● **PROBLEM**
Leave the images out, and otherwise write out each entry exactly.

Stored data
········

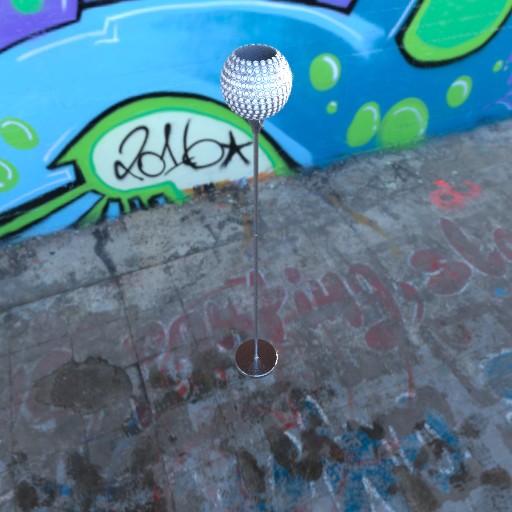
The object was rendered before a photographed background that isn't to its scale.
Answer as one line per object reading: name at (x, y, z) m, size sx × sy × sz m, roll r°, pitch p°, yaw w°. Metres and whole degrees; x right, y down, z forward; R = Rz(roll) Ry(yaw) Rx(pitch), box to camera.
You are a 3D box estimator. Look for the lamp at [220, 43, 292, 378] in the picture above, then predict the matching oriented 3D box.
lamp at (0.000, 0.000, 2.003) m, size 0.254 × 1.805 × 0.254 m, roll 0°, pitch 47°, yaw 0°
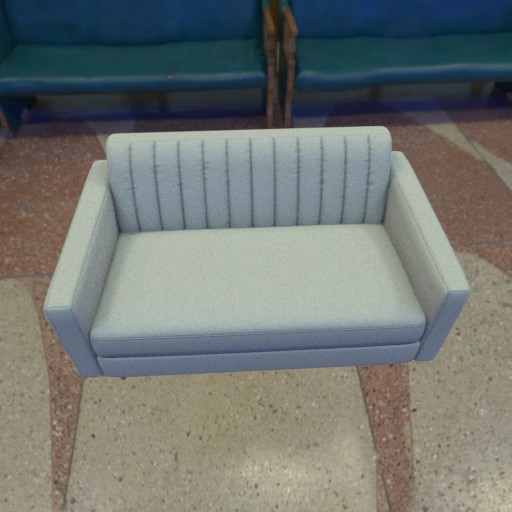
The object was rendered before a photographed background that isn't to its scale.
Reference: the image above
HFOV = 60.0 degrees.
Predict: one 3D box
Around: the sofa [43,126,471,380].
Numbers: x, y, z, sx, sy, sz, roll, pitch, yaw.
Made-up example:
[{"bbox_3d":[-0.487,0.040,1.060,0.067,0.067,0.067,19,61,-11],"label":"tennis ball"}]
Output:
[{"bbox_3d":[0.000,0.000,2.093,1.585,0.801,0.950,-2,46,-2],"label":"sofa"}]
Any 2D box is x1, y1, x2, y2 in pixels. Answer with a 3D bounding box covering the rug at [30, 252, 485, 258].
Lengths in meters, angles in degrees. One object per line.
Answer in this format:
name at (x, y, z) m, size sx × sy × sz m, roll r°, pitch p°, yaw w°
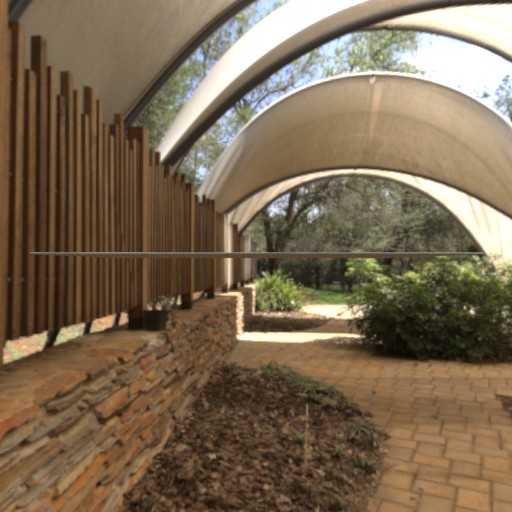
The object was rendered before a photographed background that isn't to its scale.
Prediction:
rug at (0.000, 0.000, 2.963) m, size 2.284 × 0.008 × 1.522 m, roll 0°, pitch -1°, yaw -1°
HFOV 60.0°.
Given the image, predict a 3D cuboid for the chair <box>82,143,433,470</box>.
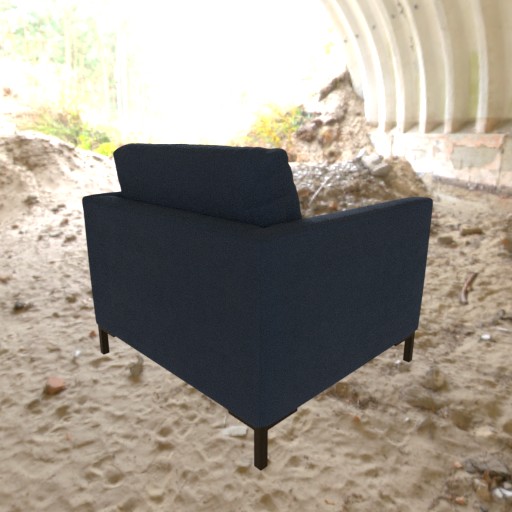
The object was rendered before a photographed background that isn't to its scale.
[{"bbox_3d":[0.000,0.000,1.634,0.875,0.812,0.964,-15,21,-43],"label":"chair"}]
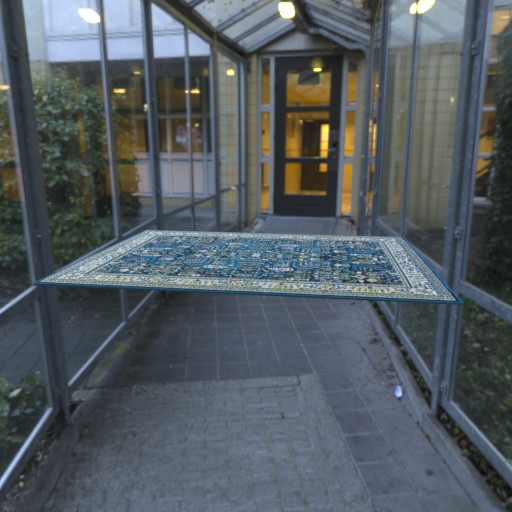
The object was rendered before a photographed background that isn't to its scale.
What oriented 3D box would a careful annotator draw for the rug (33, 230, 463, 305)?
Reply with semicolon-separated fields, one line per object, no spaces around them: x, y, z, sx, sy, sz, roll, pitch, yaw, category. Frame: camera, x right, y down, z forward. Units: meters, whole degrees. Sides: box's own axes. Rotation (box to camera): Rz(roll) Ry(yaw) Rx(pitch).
0.000;0.000;3.016;2.213;0.013;1.594;2;14;8;rug
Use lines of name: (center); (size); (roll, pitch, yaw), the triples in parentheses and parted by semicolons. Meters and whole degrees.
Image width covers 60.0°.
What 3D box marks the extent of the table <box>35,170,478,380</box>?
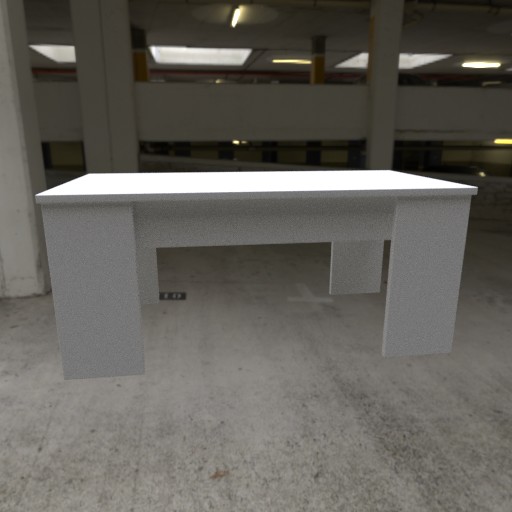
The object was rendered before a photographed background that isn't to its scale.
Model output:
table: (0.000, 0.000, 1.288); (1.000, 0.440, 0.500); (-2, 16, -7)
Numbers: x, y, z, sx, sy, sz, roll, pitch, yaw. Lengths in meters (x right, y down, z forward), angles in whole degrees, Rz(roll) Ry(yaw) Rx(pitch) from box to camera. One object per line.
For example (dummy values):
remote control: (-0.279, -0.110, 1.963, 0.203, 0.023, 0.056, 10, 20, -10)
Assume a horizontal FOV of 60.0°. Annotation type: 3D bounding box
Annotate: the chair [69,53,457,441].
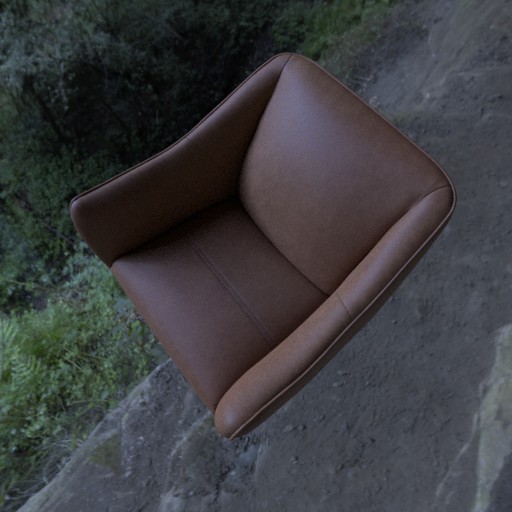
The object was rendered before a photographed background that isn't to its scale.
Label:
chair: (0.000, 0.000, 1.493, 0.852, 0.830, 0.871, -35, 69, -16)
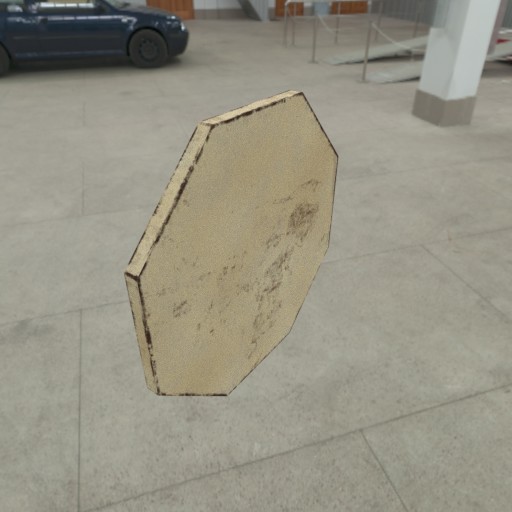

········

● **ANSWER SECTION**
The object was rendered before a photographed background that isn't to its scale.
Answer as one line per object reading: name at (x, y, z) m, size sx × sy × sz m, roll r°, pitch p°, yaw w°. Metres and whole degrees; x right, y down, z forward; R = Rz(roll) Ry(yaw) Rx(pitch), box to camera.
You are a 3D box estimator. Look for the lamp at [220, 43, 292, 378] in the picture above, then predict the matching oriented 3D box.
lamp at (0.000, 0.000, 2.003) m, size 0.254 × 1.805 × 0.254 m, roll 0°, pitch 47°, yaw 0°
The object was rendered before a photographed background that isn't to its scale.
Reference: the image above
HFOV = 60.0 degrees.
Predict: one 3D box
Around: the sofa [43,126,471,380].
Numbers: x, y, z, sx, sy, sz, roll, pitch, yaw.
Made-up example:
[{"bbox_3d":[-0.487,0.040,1.060,0.067,0.067,0.067,19,61,-11],"label":"tennis ball"}]
Output:
[{"bbox_3d":[0.000,0.000,2.093,1.585,0.801,0.950,-2,46,-2],"label":"sofa"}]
Any 2D box is x1, y1, x2, y2 in pixels. Answer with a 3D bounding box covering the rug at [30, 252, 485, 258].
Lengths in meters, angles in degrees. One object per line.
Answer in this format:
name at (x, y, z) m, size sx × sy × sz m, roll r°, pitch p°, yaw w°
The object was rendered before a photographed background that isn't to its scale.
Prediction:
rug at (0.000, 0.000, 2.963) m, size 2.284 × 0.008 × 1.522 m, roll 0°, pitch -1°, yaw -1°
HFOV 60.0°.
Given the image, predict a 3D cuboid for the chair <box>82,143,433,470</box>.
The object was rendered before a photographed background that isn't to its scale.
[{"bbox_3d":[0.000,0.000,1.634,0.875,0.812,0.964,-15,21,-43],"label":"chair"}]
The object was rendered before a photographed background that isn't to its scale.
What oriented 3D box would a careful annotator draw for the rug (33, 230, 463, 305)?
Reply with semicolon-separated fields, one line per object, no spaces around them: x, y, z, sx, sy, sz, roll, pitch, yaw, category. Frame: camera, x right, y down, z forward. Units: meters, whole degrees. Sides: box's own axes. Rotation (box to camera): Rz(roll) Ry(yaw) Rx(pitch).
0.000;0.000;3.016;2.213;0.013;1.594;2;14;8;rug
Use lines of name: (center); (size); (roll, pitch, yaw), the triples in parentheses and parted by semicolons. Meters and whole degrees.
Image width covers 60.0°.
What 3D box marks the extent of the table <box>35,170,478,380</box>?
The object was rendered before a photographed background that isn't to its scale.
Model output:
table: (0.000, 0.000, 1.288); (1.000, 0.440, 0.500); (-2, 16, -7)
Numbers: x, y, z, sx, sy, sz, roll, pitch, yaw. Lengths in meters (x right, y down, z forward), angles in whole degrees, Rz(roll) Ry(yaw) Rx(pitch) from box to camera. One object per line.
For example (dummy values):
remote control: (-0.279, -0.110, 1.963, 0.203, 0.023, 0.056, 10, 20, -10)
Assume a horizontal FOV of 60.0°. Annotation type: 3D bounding box
Annotate: the chair [69,53,457,441].
The object was rendered before a photographed background that isn't to its scale.
Label:
chair: (0.000, 0.000, 1.493, 0.852, 0.830, 0.871, -35, 69, -16)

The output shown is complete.